DATA:
===============

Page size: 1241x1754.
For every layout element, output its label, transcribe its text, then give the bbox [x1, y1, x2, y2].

===============

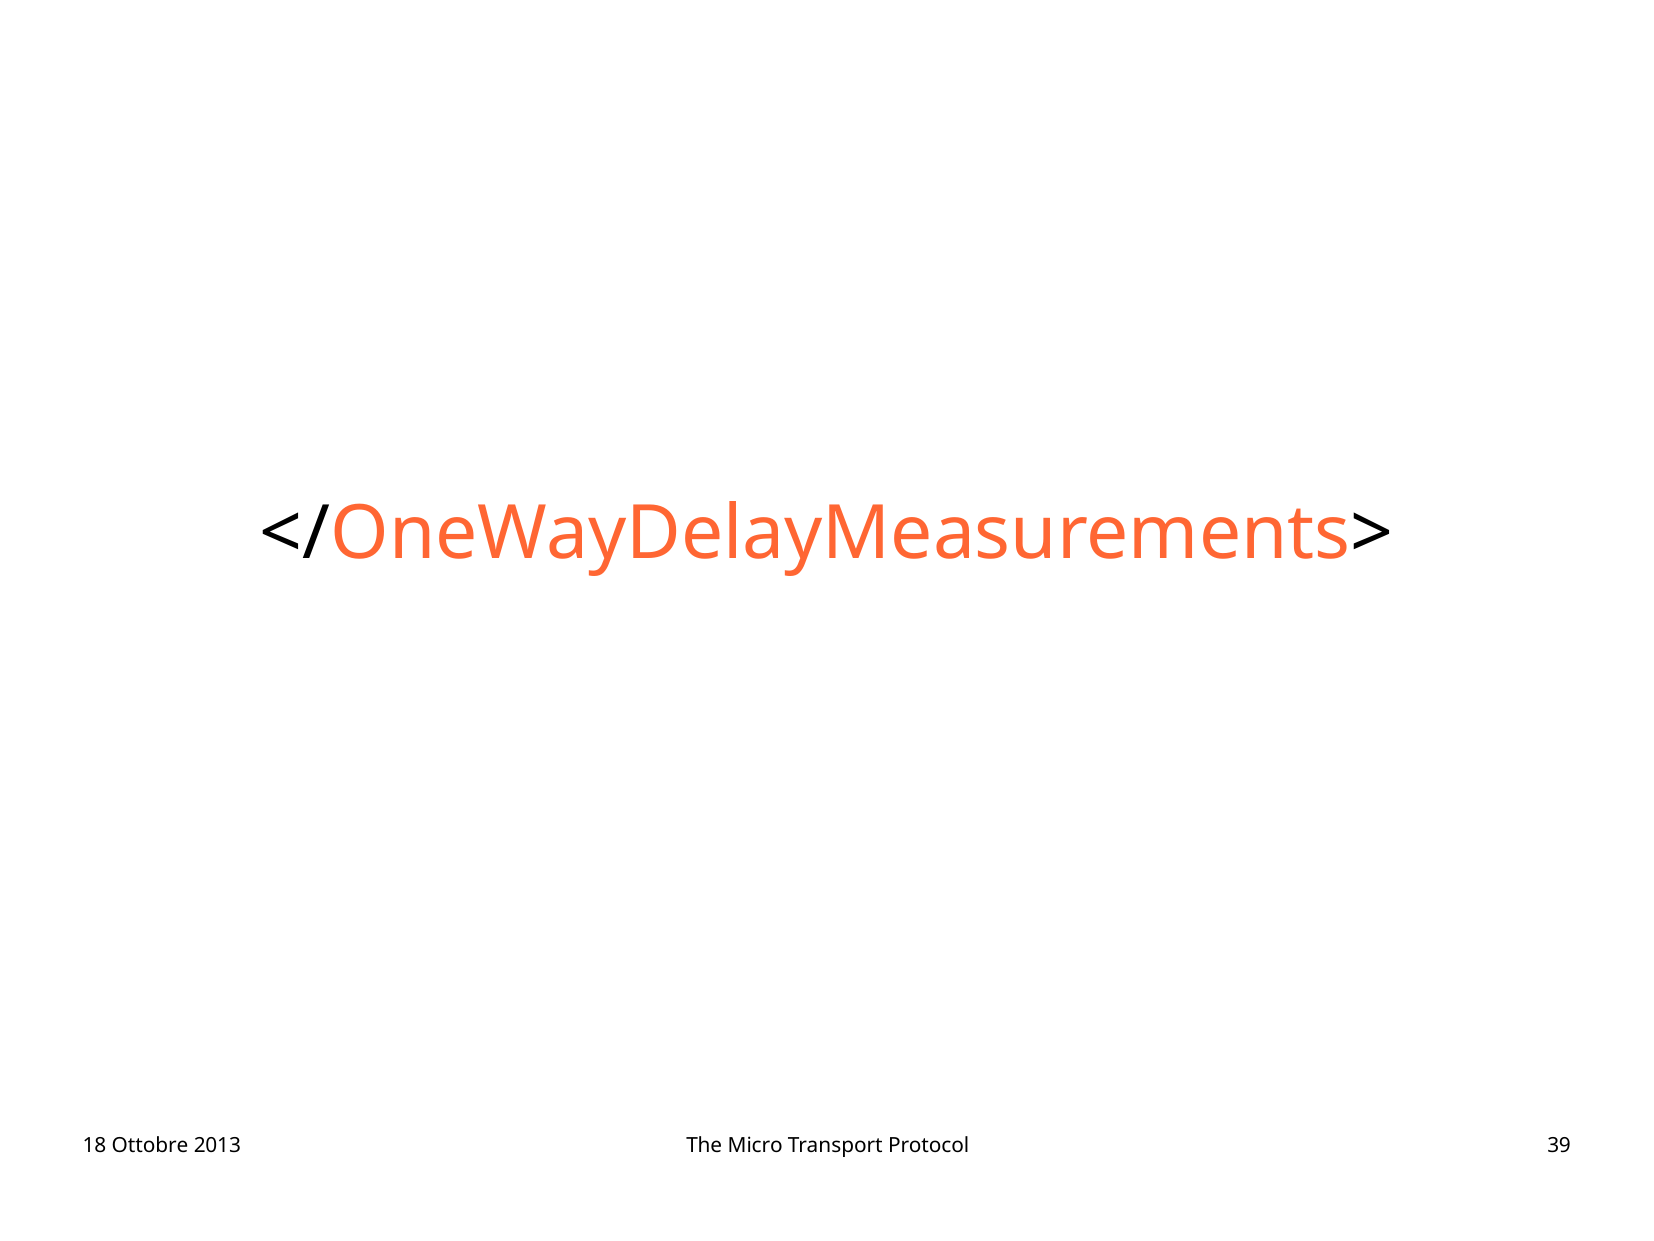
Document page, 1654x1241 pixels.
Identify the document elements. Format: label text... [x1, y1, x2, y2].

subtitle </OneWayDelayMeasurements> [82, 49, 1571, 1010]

===============

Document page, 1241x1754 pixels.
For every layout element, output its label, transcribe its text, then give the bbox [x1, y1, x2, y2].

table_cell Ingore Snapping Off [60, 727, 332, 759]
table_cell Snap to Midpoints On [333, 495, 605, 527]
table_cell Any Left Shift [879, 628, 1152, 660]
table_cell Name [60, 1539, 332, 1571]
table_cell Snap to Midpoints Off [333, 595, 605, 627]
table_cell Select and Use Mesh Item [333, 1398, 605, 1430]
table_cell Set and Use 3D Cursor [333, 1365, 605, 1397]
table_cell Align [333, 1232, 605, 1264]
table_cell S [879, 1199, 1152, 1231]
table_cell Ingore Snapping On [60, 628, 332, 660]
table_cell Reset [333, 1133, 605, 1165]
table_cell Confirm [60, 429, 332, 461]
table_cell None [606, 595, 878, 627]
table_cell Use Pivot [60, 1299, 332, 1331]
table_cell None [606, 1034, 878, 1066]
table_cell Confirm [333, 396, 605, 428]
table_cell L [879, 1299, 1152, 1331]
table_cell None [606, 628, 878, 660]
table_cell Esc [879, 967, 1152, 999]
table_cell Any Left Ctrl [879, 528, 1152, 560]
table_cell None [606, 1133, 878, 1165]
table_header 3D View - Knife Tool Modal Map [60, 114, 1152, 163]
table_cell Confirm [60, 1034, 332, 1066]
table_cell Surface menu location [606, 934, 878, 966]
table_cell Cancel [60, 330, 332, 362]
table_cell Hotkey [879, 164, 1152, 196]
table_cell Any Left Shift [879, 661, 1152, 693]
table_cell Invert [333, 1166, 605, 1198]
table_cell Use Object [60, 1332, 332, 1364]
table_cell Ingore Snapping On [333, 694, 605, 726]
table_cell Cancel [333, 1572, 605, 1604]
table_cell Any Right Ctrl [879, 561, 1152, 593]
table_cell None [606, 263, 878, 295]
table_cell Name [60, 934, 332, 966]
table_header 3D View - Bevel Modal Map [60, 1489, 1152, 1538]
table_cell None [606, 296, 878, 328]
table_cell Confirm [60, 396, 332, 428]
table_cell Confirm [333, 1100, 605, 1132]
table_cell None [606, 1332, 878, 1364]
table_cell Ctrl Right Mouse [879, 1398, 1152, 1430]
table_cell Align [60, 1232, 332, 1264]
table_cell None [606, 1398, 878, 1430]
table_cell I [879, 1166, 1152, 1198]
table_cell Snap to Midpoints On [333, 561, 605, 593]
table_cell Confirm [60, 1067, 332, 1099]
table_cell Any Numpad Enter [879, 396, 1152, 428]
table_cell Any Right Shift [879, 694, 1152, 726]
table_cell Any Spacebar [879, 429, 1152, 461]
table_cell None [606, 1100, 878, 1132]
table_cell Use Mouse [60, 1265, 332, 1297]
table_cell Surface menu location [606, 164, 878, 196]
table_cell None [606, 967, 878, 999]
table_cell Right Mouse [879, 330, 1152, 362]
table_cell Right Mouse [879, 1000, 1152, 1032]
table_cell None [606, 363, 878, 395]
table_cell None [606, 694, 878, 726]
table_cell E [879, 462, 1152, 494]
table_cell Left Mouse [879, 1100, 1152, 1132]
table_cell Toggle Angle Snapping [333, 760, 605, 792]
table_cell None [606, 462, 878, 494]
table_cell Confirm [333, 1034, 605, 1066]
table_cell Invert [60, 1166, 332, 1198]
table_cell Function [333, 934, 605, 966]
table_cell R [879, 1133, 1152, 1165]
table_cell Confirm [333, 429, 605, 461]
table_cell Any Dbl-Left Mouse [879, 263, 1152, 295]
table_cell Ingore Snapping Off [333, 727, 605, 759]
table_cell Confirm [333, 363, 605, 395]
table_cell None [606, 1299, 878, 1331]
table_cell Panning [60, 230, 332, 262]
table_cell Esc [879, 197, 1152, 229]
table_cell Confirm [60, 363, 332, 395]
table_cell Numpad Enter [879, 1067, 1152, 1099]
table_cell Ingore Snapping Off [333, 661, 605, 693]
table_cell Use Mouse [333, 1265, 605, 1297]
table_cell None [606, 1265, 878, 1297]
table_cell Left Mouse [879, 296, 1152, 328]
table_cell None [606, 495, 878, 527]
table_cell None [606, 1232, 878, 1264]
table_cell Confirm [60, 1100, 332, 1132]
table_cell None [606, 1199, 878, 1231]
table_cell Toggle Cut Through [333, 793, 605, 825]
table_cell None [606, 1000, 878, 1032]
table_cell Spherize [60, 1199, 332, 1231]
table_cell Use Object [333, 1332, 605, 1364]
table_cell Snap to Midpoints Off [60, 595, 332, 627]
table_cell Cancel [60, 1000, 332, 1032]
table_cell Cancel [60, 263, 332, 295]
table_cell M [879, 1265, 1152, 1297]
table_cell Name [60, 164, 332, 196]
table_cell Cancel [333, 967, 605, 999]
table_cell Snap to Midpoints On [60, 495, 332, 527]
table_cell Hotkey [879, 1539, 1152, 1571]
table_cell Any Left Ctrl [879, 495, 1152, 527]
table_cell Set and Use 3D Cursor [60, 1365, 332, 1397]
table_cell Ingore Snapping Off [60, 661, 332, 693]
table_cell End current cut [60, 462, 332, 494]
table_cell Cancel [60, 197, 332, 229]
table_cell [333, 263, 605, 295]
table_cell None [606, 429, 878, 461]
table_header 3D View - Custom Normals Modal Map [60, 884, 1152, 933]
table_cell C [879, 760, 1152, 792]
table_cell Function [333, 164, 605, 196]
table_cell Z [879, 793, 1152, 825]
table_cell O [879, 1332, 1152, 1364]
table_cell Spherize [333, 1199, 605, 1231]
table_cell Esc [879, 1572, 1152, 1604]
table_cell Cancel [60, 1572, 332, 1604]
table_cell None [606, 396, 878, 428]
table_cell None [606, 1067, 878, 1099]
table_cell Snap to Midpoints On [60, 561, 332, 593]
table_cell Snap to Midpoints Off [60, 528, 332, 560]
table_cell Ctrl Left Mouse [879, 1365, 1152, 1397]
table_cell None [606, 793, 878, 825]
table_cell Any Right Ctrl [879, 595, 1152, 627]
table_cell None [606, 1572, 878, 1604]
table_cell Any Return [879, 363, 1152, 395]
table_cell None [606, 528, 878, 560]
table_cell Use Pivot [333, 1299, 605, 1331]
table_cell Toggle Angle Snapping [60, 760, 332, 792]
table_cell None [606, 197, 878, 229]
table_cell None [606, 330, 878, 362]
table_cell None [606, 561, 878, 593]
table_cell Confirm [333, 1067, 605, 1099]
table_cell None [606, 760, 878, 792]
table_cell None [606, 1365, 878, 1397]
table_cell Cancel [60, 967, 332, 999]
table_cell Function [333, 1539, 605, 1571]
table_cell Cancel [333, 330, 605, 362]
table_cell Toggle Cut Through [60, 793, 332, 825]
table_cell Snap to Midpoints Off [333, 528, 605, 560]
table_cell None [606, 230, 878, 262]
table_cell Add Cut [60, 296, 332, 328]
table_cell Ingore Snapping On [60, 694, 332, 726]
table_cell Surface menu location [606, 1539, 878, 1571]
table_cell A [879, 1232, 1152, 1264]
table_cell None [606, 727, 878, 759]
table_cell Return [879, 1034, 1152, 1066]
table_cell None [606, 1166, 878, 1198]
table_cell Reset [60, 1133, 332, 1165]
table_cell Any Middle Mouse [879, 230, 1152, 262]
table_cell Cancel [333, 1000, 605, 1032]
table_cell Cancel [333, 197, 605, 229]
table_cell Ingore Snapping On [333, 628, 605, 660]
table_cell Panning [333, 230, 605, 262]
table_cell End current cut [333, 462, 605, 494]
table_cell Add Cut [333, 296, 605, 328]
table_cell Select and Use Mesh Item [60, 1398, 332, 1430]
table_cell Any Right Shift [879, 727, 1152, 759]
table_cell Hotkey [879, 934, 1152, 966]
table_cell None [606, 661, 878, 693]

===============

WHAT YOU HAVE TO DO: Copy every line of the listing that contains the word "pixels".

FINAL ANSWER:
Document page, 1654x1241 pixels.
Document page, 1241x1754 pixels.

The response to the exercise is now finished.